The new required policy response does, however, look quite dissimilar in character on either side of the Atlantic. As evidenced by both Germany's erstwhile Agenda 2010 and the European Union's ongoing and broader Lisbon Agenda, Europe has—in fits and starts—begun to fundamentally reform many of its long-standing government and market institutions and introduce increased flexibility into its social model. In the face of globally integrating markets, this is an attempt by Europe's leaders to both raise the continent's economic growth and make this growth more inclusive by bringing into the economic mainstream many previously excluded groups such as younger people, women, and immigrants.

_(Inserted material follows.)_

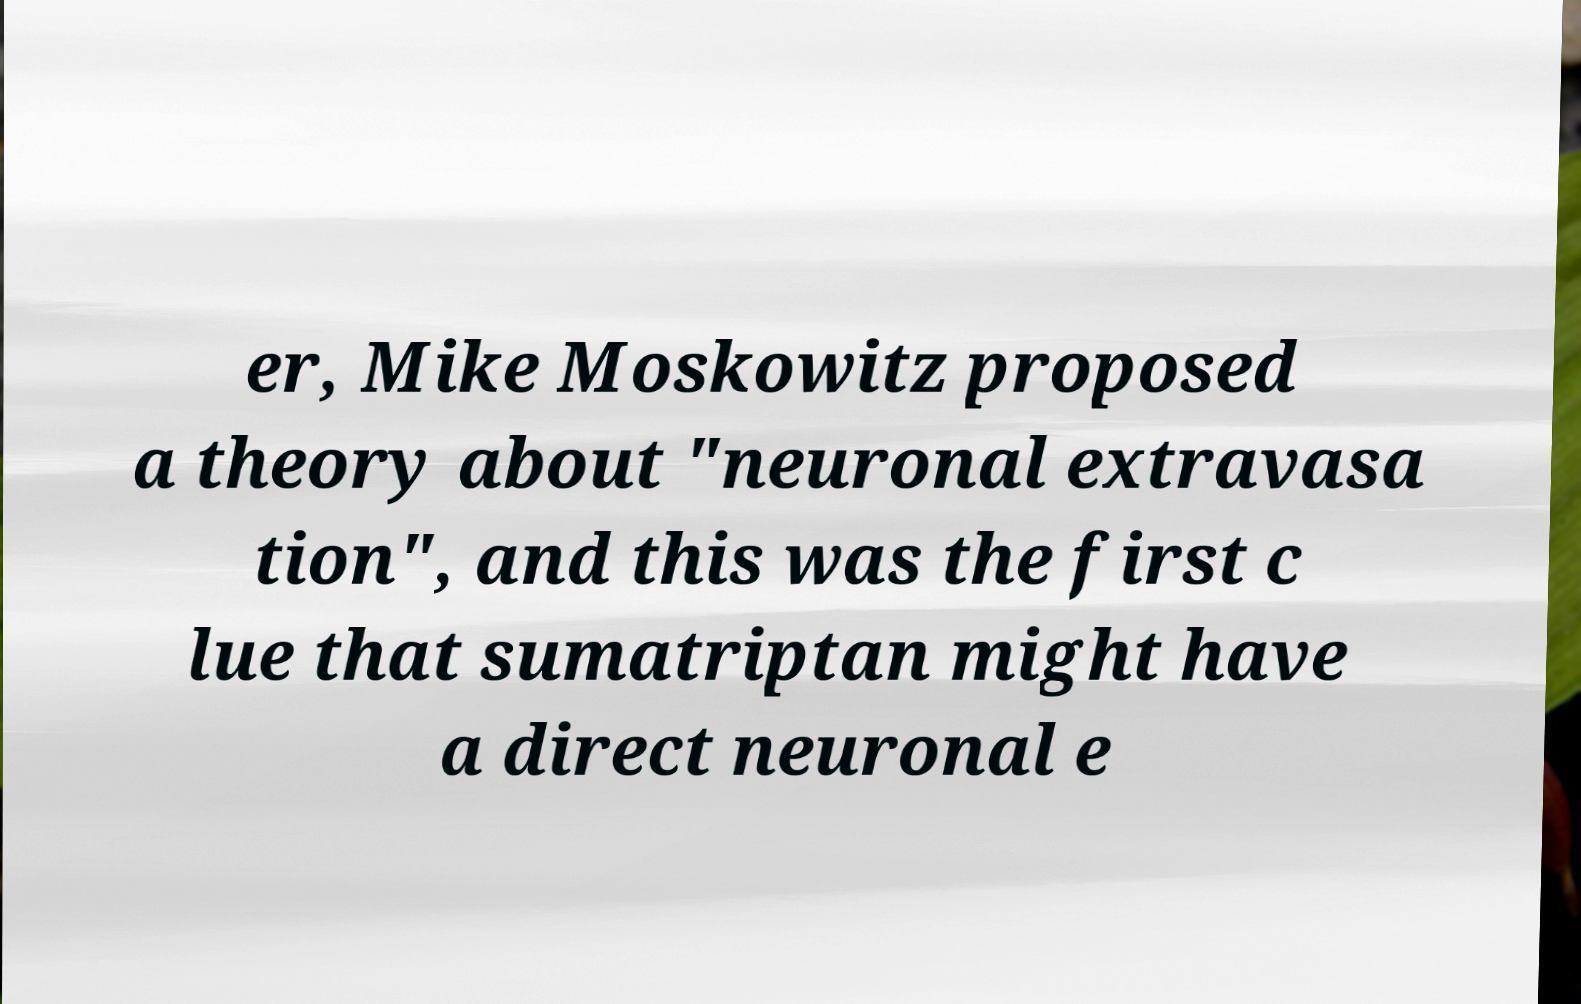For documentation purposes, I need the text within this image transcribed. Could you provide that? er, Mike Moskowitz proposed a theory about "neuronal extravasa tion", and this was the first c lue that sumatriptan might have a direct neuronal e

US policymakers face a different challenge. In response to global economic integration and the ensuing public anxiety, America must reform its domestic institutions in a manner that ensures that its public is more adequately protected against the worst personal outcomes potentially arising from globalization and the loss of jobs. This means first and foremost a reform of America's ailing healthcare system. No candidate in this year's election can hope to restore public support for globalization without alleviating the increasing uncertainty of healthcare coverage and costs for America's middle class.

Another, longer-term, challenge increasingly looms for US policymakers striving to reform America for the age of globalization—that of educational standards. America rose to global economic prominence and superpower status in the 20th century on the shoulders of the most highly skilled and best educated workforce in the world. Now-aging baby-boomers—2008 is the first year in which Americans born after World War II can retire with a public pension—were the best educated workers in the world when they entered the US workforce some 30 years ago. Building on earlier visionary policies like the GI Bill of 1944, college-level graduation rates for American baby-boomers reached almost 40 percent during this period, far exceeding the 20 to 25 percent graduation rates enjoyed by contemporary British, French, German, or Japanese baby-boomer generations in the late 1960s and 1970s.

As such, in the latter part of the 20th century, no one would have been in a better position to take advantage of precisely the trade liberalization and the opening up of global markets that globalization entails than this group of Americans. Sadly, the situation today looks very different.

Almost uniquely in the OECD (in fact only Germany is in the same wretched position) and the direct result of 30 years of educational stagnation, college-level graduation rates among present day US labor market entrants age 25–34 years of age is the same as that of their retiring baby-boomer parents aged 55–64. For the first time in perhaps a century, the natural entry and exit occurring in America's workforce will thus no longer improve its skill composition.

Meanwhile, the rest of the world has not stood still. Over 50 percent of young Canadians, Japanese, and Koreans obtain tertiary education and today's American youth barely make the global skills top ten. Precisely at the time when globalization makes education matter more than ever, America's former lead is rapidly eroding. Without fundamental reform of the country's education system, it is increasingly uncertain that coming generations of Americans will reap the same vast economic benefits of globalization that their parents did. As a result, one should not be too surprised if their political support for globalization were to dampen.

Far-reaching domestic policy reforms are therefore required in both Europe and the United States to prevent today's public perception of globalization from causing a self-destructive political backlash against it. Strong political leadership will be required to address this issue before it becomes a crisis. So far in 2008, it has been lacking.